**WORK TO COMPLETE:** Look below for the line containing "date: 1565-1630"; from there, print each line exactly up to and including the line containing "inscriptions: number: ‘10’, collector's", and stop.

**DATA:**
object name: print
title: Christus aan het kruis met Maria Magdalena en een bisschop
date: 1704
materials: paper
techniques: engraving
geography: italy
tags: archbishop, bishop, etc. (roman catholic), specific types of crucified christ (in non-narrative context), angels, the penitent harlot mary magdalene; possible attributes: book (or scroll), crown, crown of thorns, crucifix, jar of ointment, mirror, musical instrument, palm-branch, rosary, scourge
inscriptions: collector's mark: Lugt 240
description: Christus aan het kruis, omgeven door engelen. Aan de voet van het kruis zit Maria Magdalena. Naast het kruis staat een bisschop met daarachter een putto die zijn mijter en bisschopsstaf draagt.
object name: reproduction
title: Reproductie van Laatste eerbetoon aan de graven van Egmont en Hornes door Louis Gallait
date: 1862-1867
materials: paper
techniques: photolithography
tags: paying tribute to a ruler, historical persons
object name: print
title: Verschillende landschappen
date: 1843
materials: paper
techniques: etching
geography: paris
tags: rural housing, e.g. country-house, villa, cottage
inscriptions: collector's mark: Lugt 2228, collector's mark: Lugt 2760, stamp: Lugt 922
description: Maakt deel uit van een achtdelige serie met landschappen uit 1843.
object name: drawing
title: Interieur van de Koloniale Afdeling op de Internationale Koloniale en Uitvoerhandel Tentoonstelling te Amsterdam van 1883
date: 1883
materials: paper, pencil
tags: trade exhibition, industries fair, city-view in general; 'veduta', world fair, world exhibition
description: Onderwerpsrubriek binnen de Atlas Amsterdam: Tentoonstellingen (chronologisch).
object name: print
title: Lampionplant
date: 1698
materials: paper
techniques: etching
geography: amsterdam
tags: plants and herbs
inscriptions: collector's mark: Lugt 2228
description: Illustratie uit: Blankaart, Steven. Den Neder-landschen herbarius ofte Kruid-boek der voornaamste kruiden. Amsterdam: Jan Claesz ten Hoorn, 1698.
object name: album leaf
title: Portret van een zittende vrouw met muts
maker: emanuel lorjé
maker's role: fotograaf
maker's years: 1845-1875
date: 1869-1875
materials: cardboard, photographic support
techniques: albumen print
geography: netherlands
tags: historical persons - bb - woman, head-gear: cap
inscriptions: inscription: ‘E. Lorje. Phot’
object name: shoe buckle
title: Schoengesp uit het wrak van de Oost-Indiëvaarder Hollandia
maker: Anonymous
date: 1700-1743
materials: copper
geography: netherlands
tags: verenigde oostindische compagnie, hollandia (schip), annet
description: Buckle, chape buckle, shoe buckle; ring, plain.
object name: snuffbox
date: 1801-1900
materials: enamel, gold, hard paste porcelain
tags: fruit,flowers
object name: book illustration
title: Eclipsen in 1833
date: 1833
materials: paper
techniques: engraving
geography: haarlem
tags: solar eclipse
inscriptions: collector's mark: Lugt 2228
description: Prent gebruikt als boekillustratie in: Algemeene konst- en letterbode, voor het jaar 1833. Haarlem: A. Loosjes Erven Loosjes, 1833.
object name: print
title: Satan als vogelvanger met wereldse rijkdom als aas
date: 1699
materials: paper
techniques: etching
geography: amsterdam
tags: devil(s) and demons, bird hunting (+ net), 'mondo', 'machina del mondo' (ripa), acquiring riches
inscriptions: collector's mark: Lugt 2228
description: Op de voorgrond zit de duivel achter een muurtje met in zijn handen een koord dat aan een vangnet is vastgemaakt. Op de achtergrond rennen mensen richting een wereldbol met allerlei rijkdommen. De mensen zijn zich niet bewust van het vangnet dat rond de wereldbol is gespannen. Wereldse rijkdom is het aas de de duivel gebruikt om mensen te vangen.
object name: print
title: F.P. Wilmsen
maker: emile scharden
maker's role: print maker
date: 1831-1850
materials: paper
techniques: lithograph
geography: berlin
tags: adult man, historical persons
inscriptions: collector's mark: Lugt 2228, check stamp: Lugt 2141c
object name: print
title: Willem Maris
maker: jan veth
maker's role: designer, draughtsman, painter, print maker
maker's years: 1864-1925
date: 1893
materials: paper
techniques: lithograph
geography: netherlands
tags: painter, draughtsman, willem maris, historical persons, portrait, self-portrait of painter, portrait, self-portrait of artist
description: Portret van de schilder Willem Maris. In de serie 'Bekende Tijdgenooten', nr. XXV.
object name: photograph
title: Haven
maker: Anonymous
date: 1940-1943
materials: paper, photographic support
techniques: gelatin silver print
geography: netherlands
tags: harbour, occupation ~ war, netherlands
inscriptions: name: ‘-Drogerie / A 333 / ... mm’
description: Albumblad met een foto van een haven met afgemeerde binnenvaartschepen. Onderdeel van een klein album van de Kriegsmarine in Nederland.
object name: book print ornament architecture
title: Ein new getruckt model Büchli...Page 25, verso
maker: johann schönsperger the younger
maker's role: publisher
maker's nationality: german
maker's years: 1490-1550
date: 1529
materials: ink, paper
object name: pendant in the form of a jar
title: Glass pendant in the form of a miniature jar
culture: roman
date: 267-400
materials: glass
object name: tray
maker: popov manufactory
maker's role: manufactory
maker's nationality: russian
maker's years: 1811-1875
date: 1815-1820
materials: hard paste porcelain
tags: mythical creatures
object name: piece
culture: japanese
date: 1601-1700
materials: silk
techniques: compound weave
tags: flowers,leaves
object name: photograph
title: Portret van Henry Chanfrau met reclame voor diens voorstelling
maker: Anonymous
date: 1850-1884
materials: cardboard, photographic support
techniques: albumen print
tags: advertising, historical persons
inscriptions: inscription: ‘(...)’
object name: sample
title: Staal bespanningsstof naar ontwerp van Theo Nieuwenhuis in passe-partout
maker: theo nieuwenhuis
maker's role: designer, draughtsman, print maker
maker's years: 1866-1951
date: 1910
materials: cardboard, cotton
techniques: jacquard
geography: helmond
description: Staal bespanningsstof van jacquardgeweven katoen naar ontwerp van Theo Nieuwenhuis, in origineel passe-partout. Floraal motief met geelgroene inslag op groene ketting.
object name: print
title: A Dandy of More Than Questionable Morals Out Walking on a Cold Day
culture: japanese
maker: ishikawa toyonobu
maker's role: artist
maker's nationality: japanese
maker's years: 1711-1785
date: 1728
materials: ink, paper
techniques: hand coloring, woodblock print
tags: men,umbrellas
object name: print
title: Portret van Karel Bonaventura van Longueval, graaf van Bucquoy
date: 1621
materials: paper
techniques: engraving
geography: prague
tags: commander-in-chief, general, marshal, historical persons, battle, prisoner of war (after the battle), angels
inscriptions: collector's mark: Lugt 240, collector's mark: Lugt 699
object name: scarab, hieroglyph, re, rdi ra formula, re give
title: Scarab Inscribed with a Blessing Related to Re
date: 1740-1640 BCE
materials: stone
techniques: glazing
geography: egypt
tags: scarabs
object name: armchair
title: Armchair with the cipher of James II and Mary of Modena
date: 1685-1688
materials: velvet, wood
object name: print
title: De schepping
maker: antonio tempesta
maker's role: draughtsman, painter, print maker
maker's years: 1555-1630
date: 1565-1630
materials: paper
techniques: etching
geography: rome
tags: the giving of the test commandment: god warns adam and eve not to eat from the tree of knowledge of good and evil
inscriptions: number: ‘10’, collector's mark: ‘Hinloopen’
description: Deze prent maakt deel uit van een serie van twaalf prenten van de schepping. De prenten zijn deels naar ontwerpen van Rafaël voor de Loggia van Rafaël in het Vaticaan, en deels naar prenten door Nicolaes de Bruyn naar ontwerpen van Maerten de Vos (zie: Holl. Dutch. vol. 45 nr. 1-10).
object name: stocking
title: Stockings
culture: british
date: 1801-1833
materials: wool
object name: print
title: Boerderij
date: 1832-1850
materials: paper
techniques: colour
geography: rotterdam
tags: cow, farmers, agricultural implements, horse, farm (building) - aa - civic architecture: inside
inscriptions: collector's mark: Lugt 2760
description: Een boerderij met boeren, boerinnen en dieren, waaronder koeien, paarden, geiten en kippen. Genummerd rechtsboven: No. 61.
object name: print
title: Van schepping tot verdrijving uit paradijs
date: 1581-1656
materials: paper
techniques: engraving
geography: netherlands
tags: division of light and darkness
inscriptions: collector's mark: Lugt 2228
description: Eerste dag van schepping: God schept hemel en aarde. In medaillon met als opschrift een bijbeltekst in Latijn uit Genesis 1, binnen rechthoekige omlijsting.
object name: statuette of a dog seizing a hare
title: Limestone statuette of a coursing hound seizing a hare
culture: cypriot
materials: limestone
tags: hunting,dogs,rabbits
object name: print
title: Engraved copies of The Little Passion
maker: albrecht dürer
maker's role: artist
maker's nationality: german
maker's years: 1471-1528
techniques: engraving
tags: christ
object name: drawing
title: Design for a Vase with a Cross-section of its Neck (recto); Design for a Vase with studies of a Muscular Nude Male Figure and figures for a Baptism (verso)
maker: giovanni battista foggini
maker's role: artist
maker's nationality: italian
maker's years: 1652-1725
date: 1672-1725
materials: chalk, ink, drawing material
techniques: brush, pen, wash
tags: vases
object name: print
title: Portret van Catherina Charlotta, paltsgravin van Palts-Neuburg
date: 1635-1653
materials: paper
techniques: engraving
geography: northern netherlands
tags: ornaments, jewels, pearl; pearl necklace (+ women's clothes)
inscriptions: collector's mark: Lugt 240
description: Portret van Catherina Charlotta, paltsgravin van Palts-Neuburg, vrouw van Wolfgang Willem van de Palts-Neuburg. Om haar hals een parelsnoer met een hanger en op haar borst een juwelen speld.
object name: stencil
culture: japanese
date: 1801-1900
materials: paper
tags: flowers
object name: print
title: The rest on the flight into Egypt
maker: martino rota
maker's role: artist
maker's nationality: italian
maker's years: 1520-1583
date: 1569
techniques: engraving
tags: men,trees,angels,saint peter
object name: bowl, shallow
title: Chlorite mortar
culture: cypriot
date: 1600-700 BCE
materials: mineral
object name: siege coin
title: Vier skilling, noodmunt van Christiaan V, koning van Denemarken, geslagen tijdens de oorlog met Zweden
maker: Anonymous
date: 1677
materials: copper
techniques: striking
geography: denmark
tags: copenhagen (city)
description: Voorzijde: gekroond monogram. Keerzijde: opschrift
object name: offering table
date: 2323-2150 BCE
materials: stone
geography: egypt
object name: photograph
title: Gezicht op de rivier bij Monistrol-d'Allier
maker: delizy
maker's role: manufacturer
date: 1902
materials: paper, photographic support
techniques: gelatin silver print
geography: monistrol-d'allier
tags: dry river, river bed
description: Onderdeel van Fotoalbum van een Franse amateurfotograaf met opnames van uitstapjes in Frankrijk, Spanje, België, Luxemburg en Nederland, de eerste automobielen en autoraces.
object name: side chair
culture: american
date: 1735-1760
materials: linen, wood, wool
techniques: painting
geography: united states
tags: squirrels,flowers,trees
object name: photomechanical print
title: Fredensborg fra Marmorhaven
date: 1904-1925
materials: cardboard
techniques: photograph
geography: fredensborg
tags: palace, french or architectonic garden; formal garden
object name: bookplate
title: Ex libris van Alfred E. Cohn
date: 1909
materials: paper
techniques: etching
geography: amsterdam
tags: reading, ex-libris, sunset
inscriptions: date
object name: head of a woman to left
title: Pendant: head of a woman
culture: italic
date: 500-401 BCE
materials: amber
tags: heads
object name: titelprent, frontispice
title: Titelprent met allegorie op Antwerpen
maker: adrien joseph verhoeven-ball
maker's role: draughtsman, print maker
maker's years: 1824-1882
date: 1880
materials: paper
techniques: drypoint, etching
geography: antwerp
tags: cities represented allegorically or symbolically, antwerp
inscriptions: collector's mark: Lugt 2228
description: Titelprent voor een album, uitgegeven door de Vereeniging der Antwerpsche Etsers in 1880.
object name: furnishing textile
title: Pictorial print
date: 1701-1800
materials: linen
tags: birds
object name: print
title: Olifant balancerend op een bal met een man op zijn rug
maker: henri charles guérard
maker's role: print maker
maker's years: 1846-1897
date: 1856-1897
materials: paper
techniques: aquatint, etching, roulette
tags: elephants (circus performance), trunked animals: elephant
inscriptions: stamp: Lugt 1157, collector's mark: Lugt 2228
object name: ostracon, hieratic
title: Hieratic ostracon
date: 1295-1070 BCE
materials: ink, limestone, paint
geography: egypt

**ANSWER TO THE EXERCISE:**
date: 1565-1630
materials: paper
techniques: etching
geography: rome
tags: the giving of the test commandment: god warns adam and eve not to eat from the tree of knowledge of good and evil
inscriptions: number: ‘10’, collector's mark: ‘Hinloopen’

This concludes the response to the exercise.